→ LISTED RECORDS:
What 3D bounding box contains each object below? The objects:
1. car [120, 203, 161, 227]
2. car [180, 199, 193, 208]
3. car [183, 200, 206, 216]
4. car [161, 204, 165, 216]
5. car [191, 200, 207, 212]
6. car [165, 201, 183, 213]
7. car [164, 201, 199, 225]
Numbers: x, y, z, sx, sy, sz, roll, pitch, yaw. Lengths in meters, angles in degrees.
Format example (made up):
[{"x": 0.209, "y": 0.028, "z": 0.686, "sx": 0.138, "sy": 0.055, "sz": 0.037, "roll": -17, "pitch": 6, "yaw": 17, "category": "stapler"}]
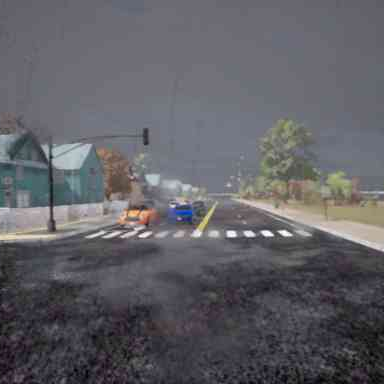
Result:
[{"x": -4.118, "y": 1.693, "z": 26.173, "sx": 2.097, "sy": 1.767, "sz": 4.553, "roll": -1, "pitch": -1, "yaw": 5, "category": "car"}, {"x": -0.963, "y": 2.134, "z": 60.744, "sx": 1.882, "sy": 1.535, "sz": 5.008, "roll": -1, "pitch": -1, "yaw": 5, "category": "car"}, {"x": 0.108, "y": 1.866, "z": 36.915, "sx": 2.128, "sy": 1.511, "sz": 4.902, "roll": -1, "pitch": -1, "yaw": 5, "category": "car"}, {"x": -3.272, "y": 1.971, "z": 35.606, "sx": 2.033, "sy": 1.411, "sz": 5.357, "roll": -1, "pitch": -1, "yaw": 5, "category": "car"}, {"x": 0.991, "y": 1.968, "z": 46.764, "sx": 1.837, "sy": 1.490, "sz": 4.892, "roll": -1, "pitch": -1, "yaw": 5, "category": "car"}, {"x": -2.363, "y": 2.041, "z": 45.749, "sx": 1.812, "sy": 1.442, "sz": 4.674, "roll": -1, "pitch": -1, "yaw": 5, "category": "car"}, {"x": -0.730, "y": 1.769, "z": 27.546, "sx": 1.882, "sy": 1.535, "sz": 5.008, "roll": -1, "pitch": -1, "yaw": 5, "category": "car"}]
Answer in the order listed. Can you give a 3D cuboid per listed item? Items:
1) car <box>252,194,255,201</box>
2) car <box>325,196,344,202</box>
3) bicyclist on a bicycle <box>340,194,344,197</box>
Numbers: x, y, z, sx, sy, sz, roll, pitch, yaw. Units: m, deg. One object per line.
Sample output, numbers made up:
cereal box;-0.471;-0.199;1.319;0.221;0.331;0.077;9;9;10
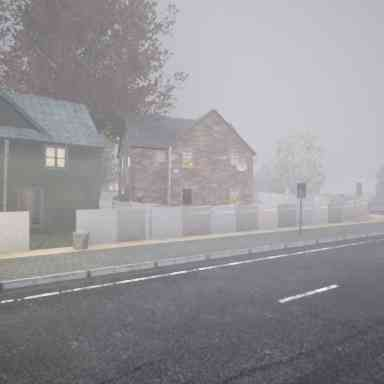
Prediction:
car;8.533;0.581;56.138;2.150;2.045;5.566;1;1;-20
car;15.594;1.173;36.544;2.128;1.511;4.902;1;1;-20
bicyclist on a bicycle;19.457;1.034;43.118;1.656;1.620;0.582;1;0;-20
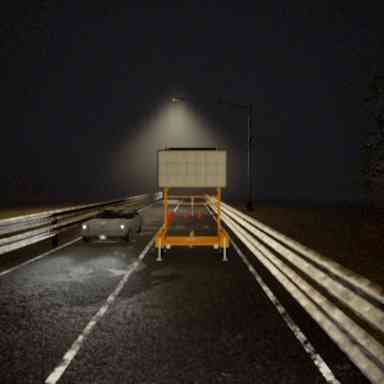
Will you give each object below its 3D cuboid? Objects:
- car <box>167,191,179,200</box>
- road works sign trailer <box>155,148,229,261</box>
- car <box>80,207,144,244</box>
[{"bbox_3d":[-3.297,0.560,57.934,2.128,1.511,4.902,0,1,0],"label":"car"},{"bbox_3d":[0.013,0.277,11.504,2.380,3.560,2.880,0,1,0],"label":"road works sign trailer"},{"bbox_3d":[-3.347,1.362,14.712,1.895,1.301,4.718,0,1,0],"label":"car"}]
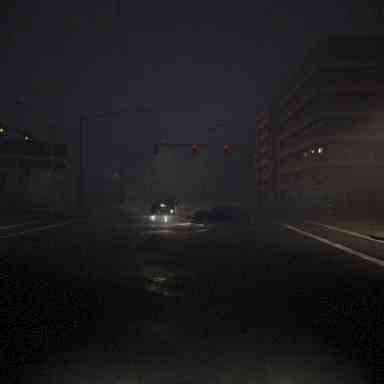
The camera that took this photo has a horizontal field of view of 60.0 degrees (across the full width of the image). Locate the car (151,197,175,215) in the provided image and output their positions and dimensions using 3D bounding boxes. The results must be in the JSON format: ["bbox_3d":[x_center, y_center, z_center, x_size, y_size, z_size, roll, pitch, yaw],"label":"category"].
[{"bbox_3d":[-3.168,1.547,34.715,2.033,1.411,5.357,0,0,-1],"label":"car"}]

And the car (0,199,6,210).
[{"bbox_3d":[-24.046,1.456,38.922,3.806,1.475,1.970,0,0,1],"label":"car"}]

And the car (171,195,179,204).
[{"bbox_3d":[-3.321,1.352,52.551,2.097,1.767,4.553,0,0,0],"label":"car"}]

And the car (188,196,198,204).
[{"bbox_3d":[0.260,1.526,65.000,1.812,1.442,4.674,0,0,0],"label":"car"}]

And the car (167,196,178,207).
[{"bbox_3d":[-3.248,1.564,43.955,1.994,1.385,4.181,0,0,0],"label":"car"}]

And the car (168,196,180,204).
[{"bbox_3d":[-3.382,1.564,62.569,1.994,1.385,4.181,0,0,0],"label":"car"}]

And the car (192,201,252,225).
[{"bbox_3d":[2.100,1.564,23.378,4.181,1.385,1.994,0,0,0],"label":"car"}]
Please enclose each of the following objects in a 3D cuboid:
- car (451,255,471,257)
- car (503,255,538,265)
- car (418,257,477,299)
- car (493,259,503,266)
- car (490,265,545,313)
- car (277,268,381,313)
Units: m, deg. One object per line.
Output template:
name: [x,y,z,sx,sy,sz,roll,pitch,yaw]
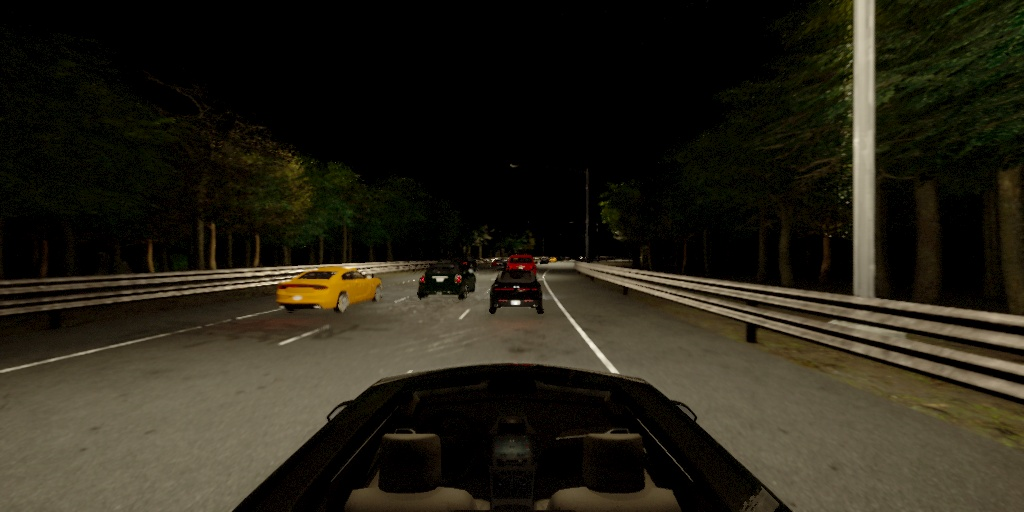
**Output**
car: [-5.372,0.940,39.363,2.150,2.045,5.566,0,0,5]
car: [0.766,0.960,27.163,2.150,2.045,5.566,0,0,3]
car: [-3.095,1.087,17.967,2.097,1.767,4.553,0,0,2]
car: [-0.873,1.212,48.967,2.128,1.511,4.902,0,0,6]
car: [0.190,1.250,13.949,1.837,1.490,4.892,0,0,2]
car: [-6.758,1.196,13.907,1.882,1.535,5.008,0,0,2]
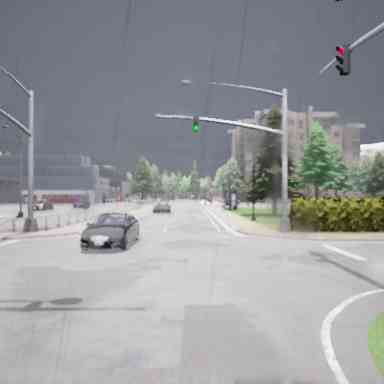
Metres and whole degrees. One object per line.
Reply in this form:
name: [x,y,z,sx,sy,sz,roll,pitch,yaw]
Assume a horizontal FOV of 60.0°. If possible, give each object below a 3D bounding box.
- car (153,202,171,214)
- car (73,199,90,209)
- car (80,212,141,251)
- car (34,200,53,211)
car: [-3.522,1.933,39.806,1.994,1.385,4.181,0,0,0]
car: [-17.484,1.865,52.758,1.845,1.501,3.633,0,-1,0]
car: [-3.510,1.684,14.980,2.128,1.511,4.902,0,0,0]
car: [-20.534,1.807,45.366,1.970,1.475,3.806,0,-1,0]
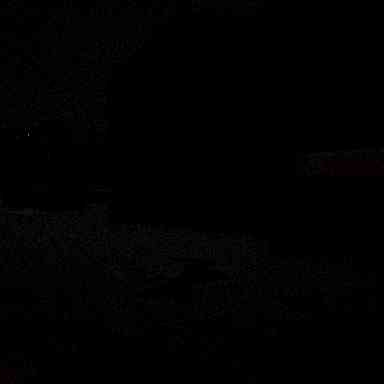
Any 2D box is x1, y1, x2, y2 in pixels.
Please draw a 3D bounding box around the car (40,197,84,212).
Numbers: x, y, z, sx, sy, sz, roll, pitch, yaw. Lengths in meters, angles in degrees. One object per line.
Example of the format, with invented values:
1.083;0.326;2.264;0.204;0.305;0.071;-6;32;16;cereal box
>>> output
-14.705;1.348;37.855;1.882;1.535;5.008;0;0;36;car
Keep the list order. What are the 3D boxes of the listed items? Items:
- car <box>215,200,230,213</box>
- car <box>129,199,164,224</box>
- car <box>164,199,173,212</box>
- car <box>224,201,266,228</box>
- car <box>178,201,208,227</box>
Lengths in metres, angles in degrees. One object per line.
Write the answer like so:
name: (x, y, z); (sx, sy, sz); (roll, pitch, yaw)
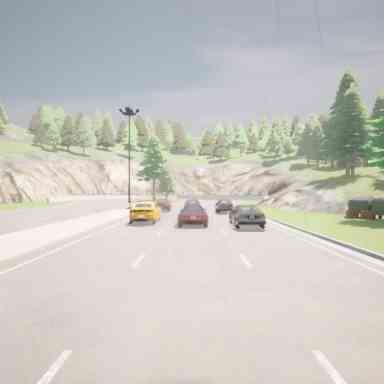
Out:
car: (3.561, 1.547, 36.711); (2.033, 1.411, 5.357); (0, 0, 0)
car: (-3.422, 1.477, 24.862); (1.882, 1.535, 5.008); (0, 0, 0)
car: (-3.422, 1.526, 38.993); (1.812, 1.442, 4.674); (0, 0, 0)
car: (3.565, 1.548, 22.073); (2.033, 1.411, 5.357); (0, 0, 0)
car: (0.071, 1.564, 22.829); (1.994, 1.385, 4.181); (0, 0, 0)
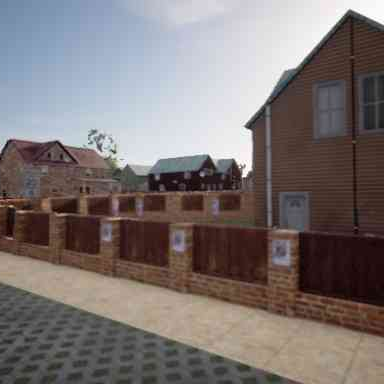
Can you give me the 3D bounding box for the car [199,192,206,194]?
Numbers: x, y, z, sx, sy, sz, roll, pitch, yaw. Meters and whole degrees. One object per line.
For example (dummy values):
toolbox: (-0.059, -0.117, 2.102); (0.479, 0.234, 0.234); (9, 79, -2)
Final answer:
car: (1.836, 0.713, 44.156); (1.882, 1.535, 5.008); (-1, 0, 35)
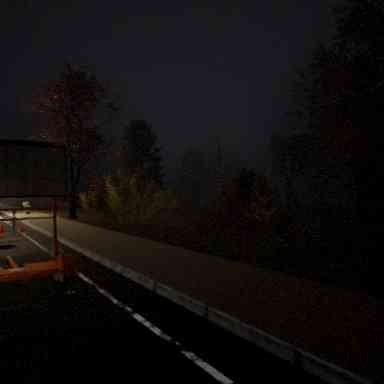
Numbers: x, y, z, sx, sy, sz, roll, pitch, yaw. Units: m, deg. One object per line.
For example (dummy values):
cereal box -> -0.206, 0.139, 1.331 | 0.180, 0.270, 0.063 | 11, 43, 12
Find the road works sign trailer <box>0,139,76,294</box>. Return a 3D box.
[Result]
road works sign trailer -> -4.373, 0.539, 8.183 | 2.380, 3.560, 2.880 | -1, 0, -34
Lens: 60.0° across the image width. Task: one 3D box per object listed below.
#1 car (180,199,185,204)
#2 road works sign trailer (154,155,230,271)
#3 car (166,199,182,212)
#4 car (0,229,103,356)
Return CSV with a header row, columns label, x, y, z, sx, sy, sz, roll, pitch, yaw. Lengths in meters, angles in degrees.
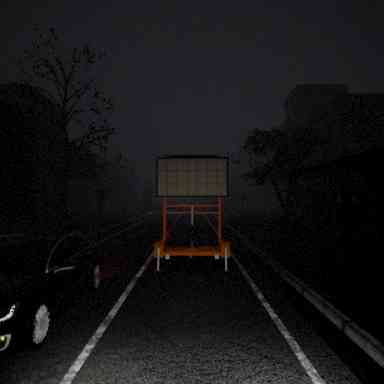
label,x,y,z,sx,sy,sz,roll,pitch,yaw
car,-2.929,2.515,89.344,1.812,1.442,4.674,0,0,0
road works sign trailer,0.009,0.567,11.193,2.380,3.560,2.880,0,-1,0
car,-3.059,2.225,49.683,2.033,1.411,5.357,0,-1,0
car,-3.094,1.538,6.315,1.837,1.490,4.892,0,-1,0
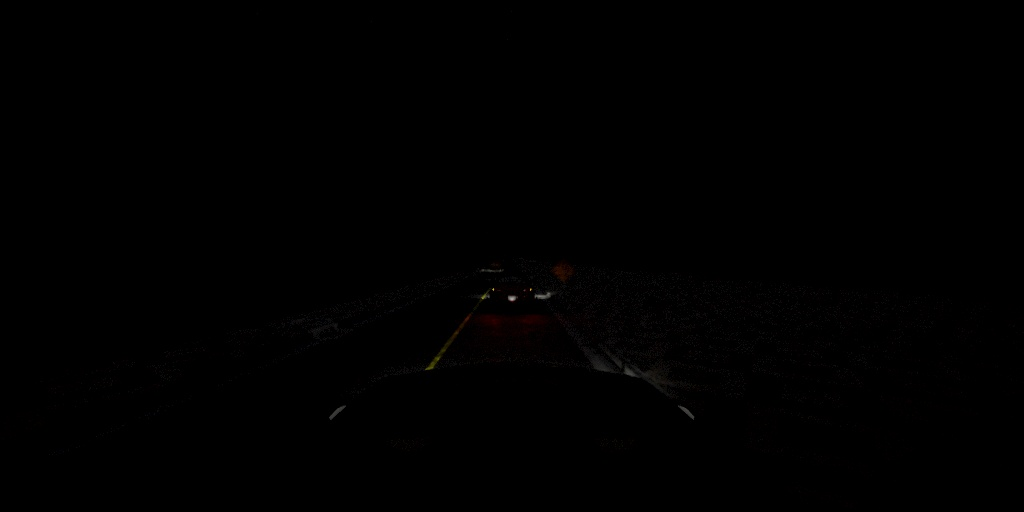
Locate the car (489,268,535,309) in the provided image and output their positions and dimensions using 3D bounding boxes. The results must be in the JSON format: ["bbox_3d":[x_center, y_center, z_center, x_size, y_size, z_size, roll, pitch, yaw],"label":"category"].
[{"bbox_3d":[0.020,1.418,15.739,1.812,1.442,4.674,0,0,0],"label":"car"}]

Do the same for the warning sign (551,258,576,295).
[{"bbox_3d":[2.716,1.037,18.752,1.300,1.860,1.060,0,0,0],"label":"warning sign"}]

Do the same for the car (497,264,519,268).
[{"bbox_3d":[0.012,1.590,30.252,1.994,1.385,4.181,0,0,1],"label":"car"}]
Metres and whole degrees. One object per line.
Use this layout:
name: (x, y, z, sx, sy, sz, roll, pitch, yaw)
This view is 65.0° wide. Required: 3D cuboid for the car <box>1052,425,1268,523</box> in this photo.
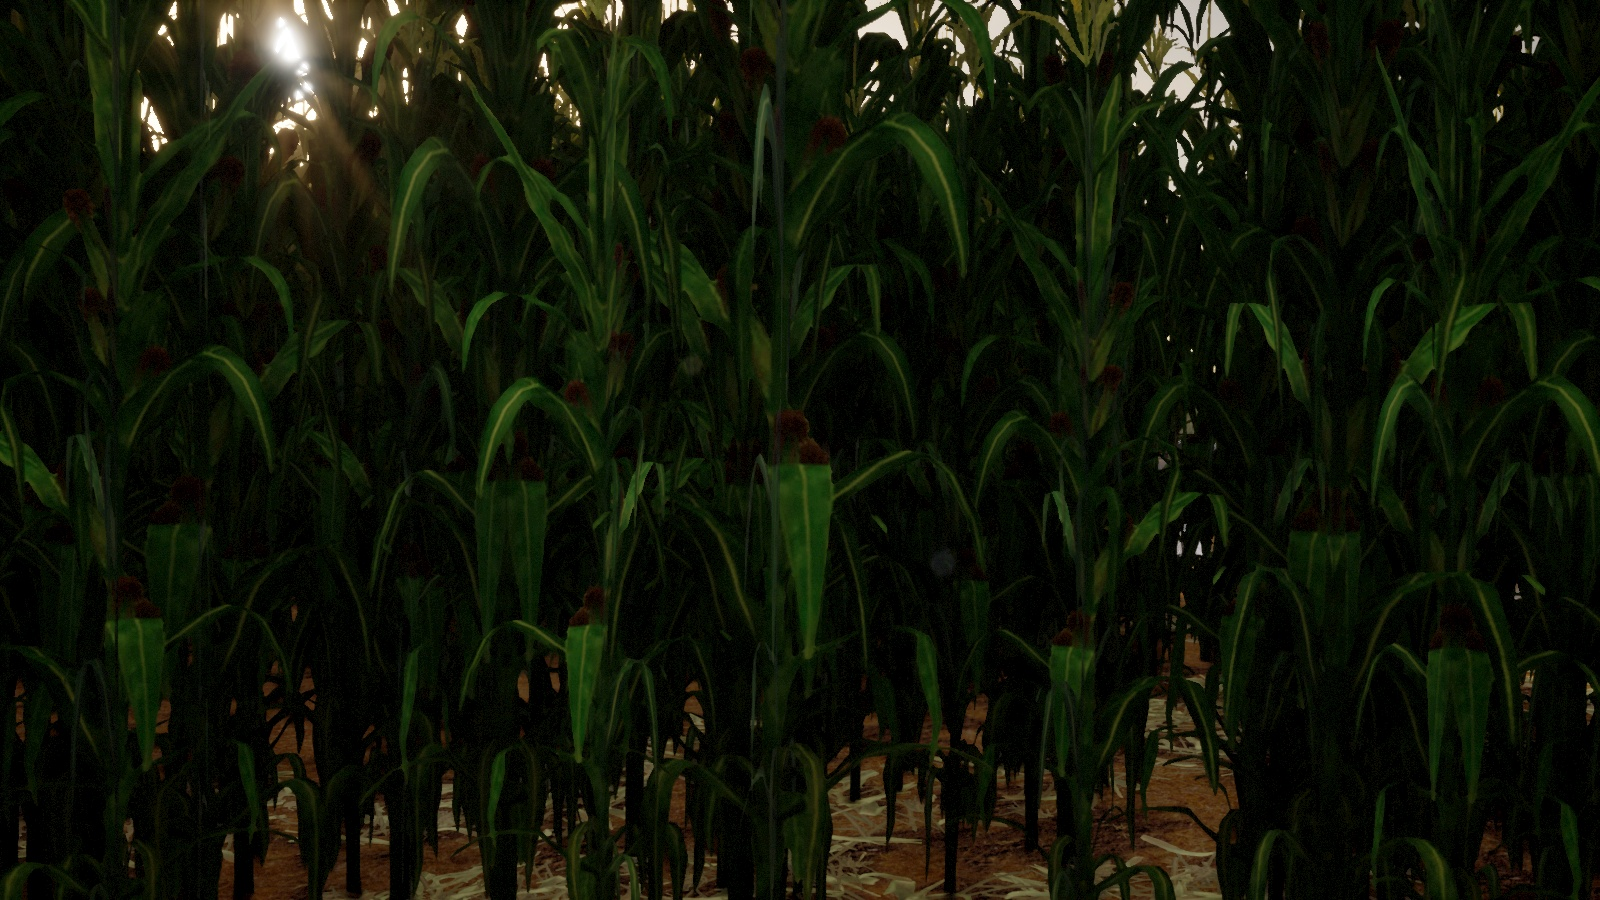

→ WHAT YOU HAVE TO DO: Look above for the line holding "5. car [191, 200, 207, 212]" and output everything from it down to the line holding "- road works", both ends included, exactly and without images.

→ REPLY TO THE TASK:
5. car [191, 200, 207, 212]
6. car [165, 201, 183, 213]
7. car [164, 201, 199, 225]
Numbers: x, y, z, sx, sy, sz, roll, pitch, yaw. Lengths in meters, angles in degrees.
Format example (made up):
[{"x": 0.209, "y": 0.028, "z": 0.686, "sx": 0.138, "sy": 0.055, "sz": 0.037, "roll": -17, "pitch": 6, "yaw": 17, "category": "stapler"}]
Result:
[{"x": -4.118, "y": 1.693, "z": 26.173, "sx": 2.097, "sy": 1.767, "sz": 4.553, "roll": -1, "pitch": -1, "yaw": 5, "category": "car"}, {"x": -0.963, "y": 2.134, "z": 60.744, "sx": 1.882, "sy": 1.535, "sz": 5.008, "roll": -1, "pitch": -1, "yaw": 5, "category": "car"}, {"x": 0.108, "y": 1.866, "z": 36.915, "sx": 2.128, "sy": 1.511, "sz": 4.902, "roll": -1, "pitch": -1, "yaw": 5, "category": "car"}, {"x": -3.272, "y": 1.971, "z": 35.606, "sx": 2.033, "sy": 1.411, "sz": 5.357, "roll": -1, "pitch": -1, "yaw": 5, "category": "car"}, {"x": 0.991, "y": 1.968, "z": 46.764, "sx": 1.837, "sy": 1.490, "sz": 4.892, "roll": -1, "pitch": -1, "yaw": 5, "category": "car"}, {"x": -2.363, "y": 2.041, "z": 45.749, "sx": 1.812, "sy": 1.442, "sz": 4.674, "roll": -1, "pitch": -1, "yaw": 5, "category": "car"}, {"x": -0.730, "y": 1.769, "z": 27.546, "sx": 1.882, "sy": 1.535, "sz": 5.008, "roll": -1, "pitch": -1, "yaw": 5, "category": "car"}]
Answer in the order listed. Can you give a 3D cuboid per listed item? Items:
1) car <box>252,194,255,201</box>
2) car <box>325,196,344,202</box>
3) bicyclist on a bicycle <box>340,194,344,197</box>
Numbers: x, y, z, sx, sy, sz, roll, pitch, yaw. Units: m, deg. One object per line.
Sample output, numbers made up:
cereal box;-0.471;-0.199;1.319;0.221;0.331;0.077;9;9;10
Prediction:
car;8.533;0.581;56.138;2.150;2.045;5.566;1;1;-20
car;15.594;1.173;36.544;2.128;1.511;4.902;1;1;-20
bicyclist on a bicycle;19.457;1.034;43.118;1.656;1.620;0.582;1;0;-20
Will you give each object below its 3D cuboid? Objects:
- car <box>167,191,179,200</box>
- road works sign trailer <box>155,148,229,261</box>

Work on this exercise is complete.